Applications and Methods
How conserved are the macrophage responses to bacterial infections? Itai Yanai and colleagues demonstrated the conserved macrophage states in response to various bacterial species, including Group B Streptococcus, despite the variation in the relative frequencies of the states.1. Tweetorial available here.
Single-cell dataset imbalance significantly impacts data integration results.2 The authors elaborately described the impact of cell-type imbalance and similarity across samples on clustering, marker-gene-based annotation, and more. Novel clustering metrics that took into account cell-type imbalance were proposed.

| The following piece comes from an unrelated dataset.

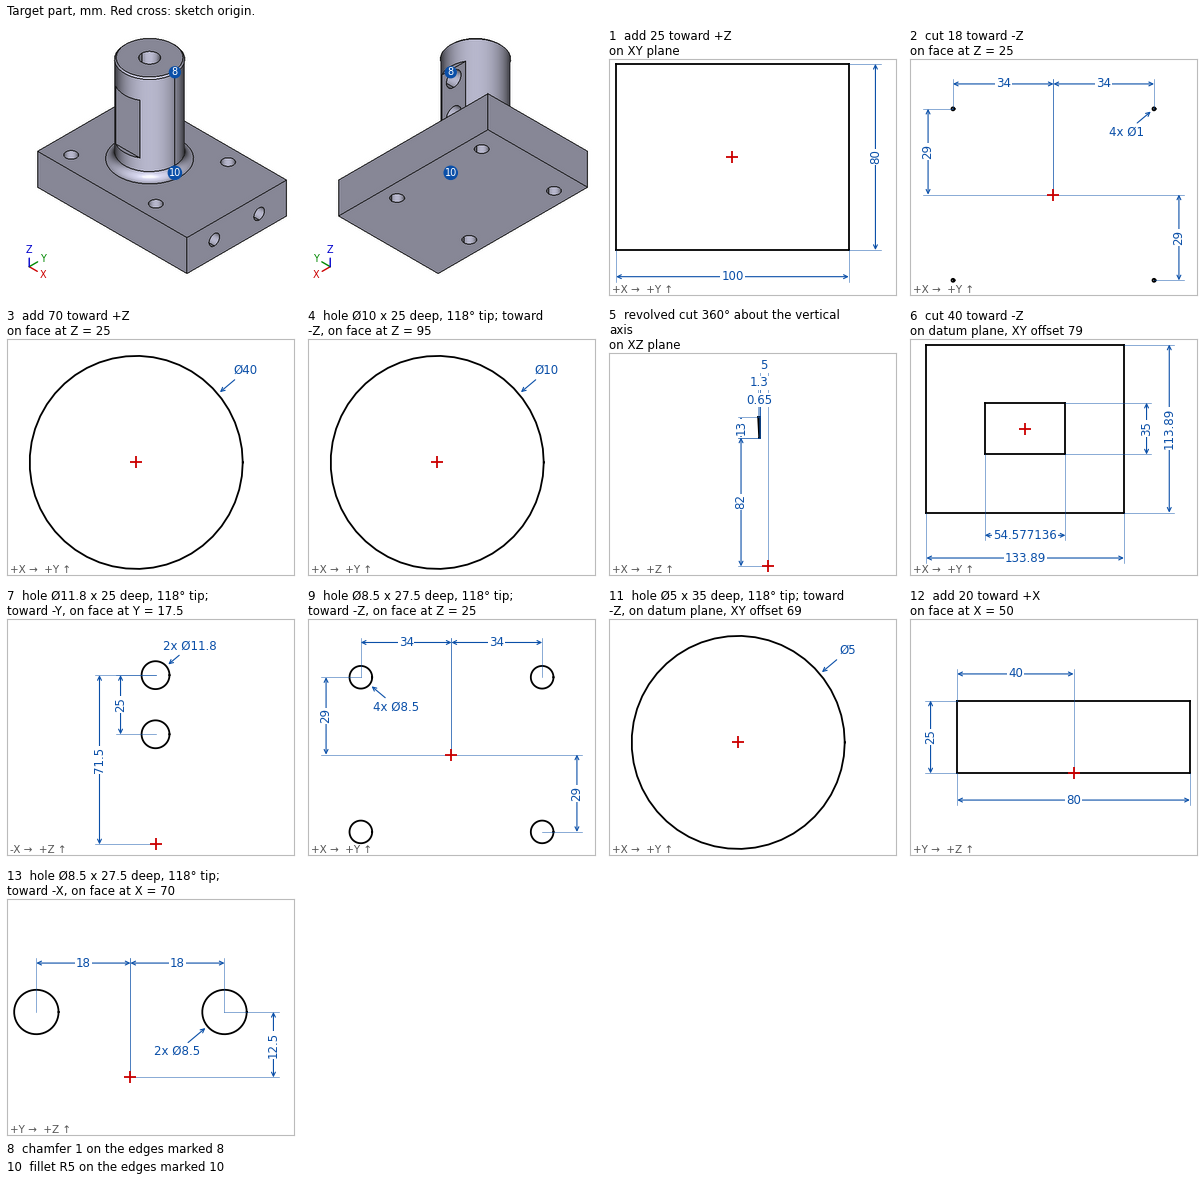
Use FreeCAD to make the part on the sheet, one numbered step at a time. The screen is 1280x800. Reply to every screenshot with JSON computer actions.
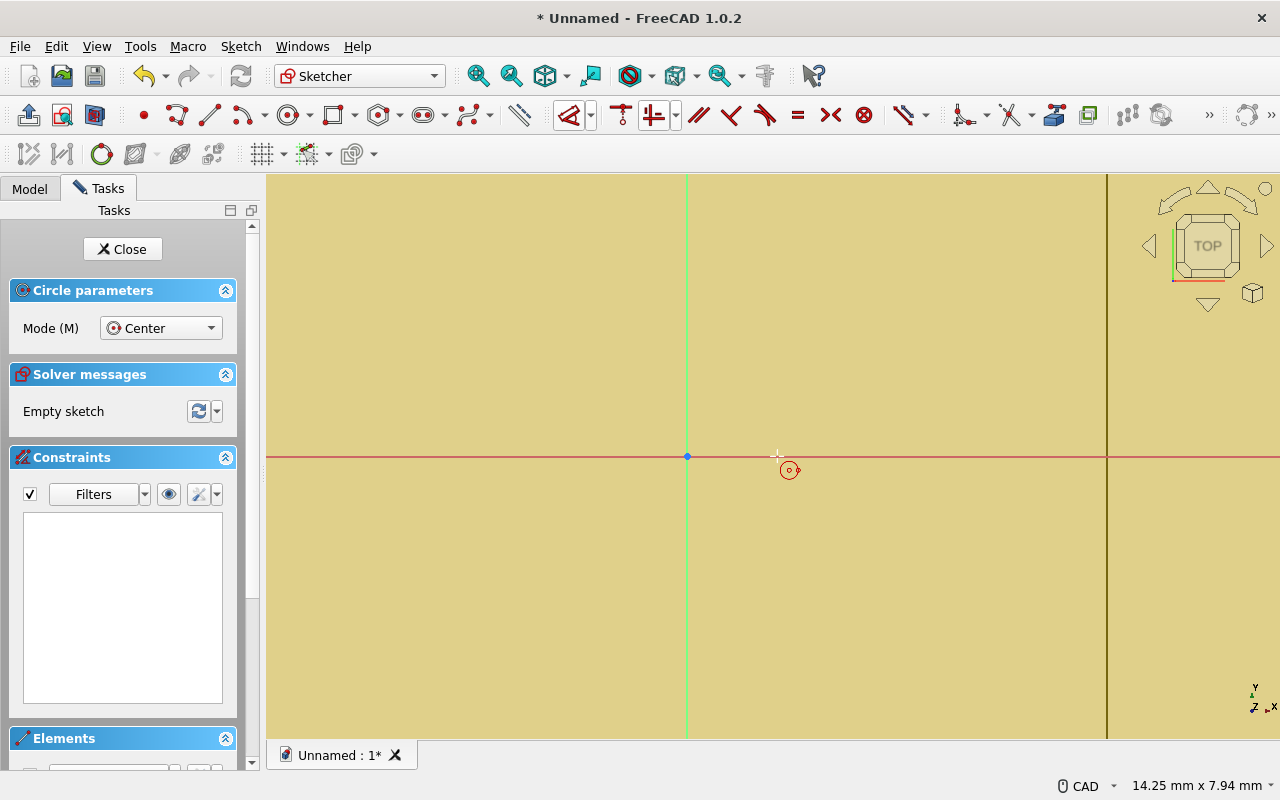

Can we identify cell-type specific genetic variants influencing disease? Aviv Regev and colleagues introduced sc-linker, a framework to integrate scRNA-Seq and GWAS data to identify the likely cell types driving disease.3
Can we incorporate chromatin accessibility data to improve RNA velocity accuracy estimates? Joshua Welch and colleagues showed that we can in their MultiVelo paper.4 They also showed that this model can reveal the extent of coupling or time lag between epigenomic and transcriptional changes.
Technologies
The year is 2022, scientists can now iterate between imaging and spatial transcriptomics on the same specimen. Jocelyn Kishi and colleagues present Light-Seq, now published in Nature Methods, that combined light-directed barcoding and spatially-indexed sequencing. Basically, Light-seq allows you to sequence cells from specific areas on a histology slide thanks to laser-guided chemistry and then return to the sample later for another imaging! There are excellent tweetorials by Jocelyn herself here and by co-inventor Emma West here. If you’re into podcasts, then you’re in luck. Truly, what an exciting year for spatial transcriptomics.
Conversations
The 10X fixed RNA profiling kit has been shown by multiple teams to be more sensitive than 10X 3’ v3.1. See threads by Fred Hutch Innovation Lab and the inimitable Luciano Martelotto. Despite the additional wash steps, it seems that you would get higher cell recovery rate. The probes exclude many genes including mitochondrial and ribosomal genes, so you would save some money for sequencing there!5
Alexander Toenges wondered whether the ParseBio kit is suitable for BioLegend’s TotalSeq antibodies.6 There doesn’t seem to be an answer yet; would be interested to hear one!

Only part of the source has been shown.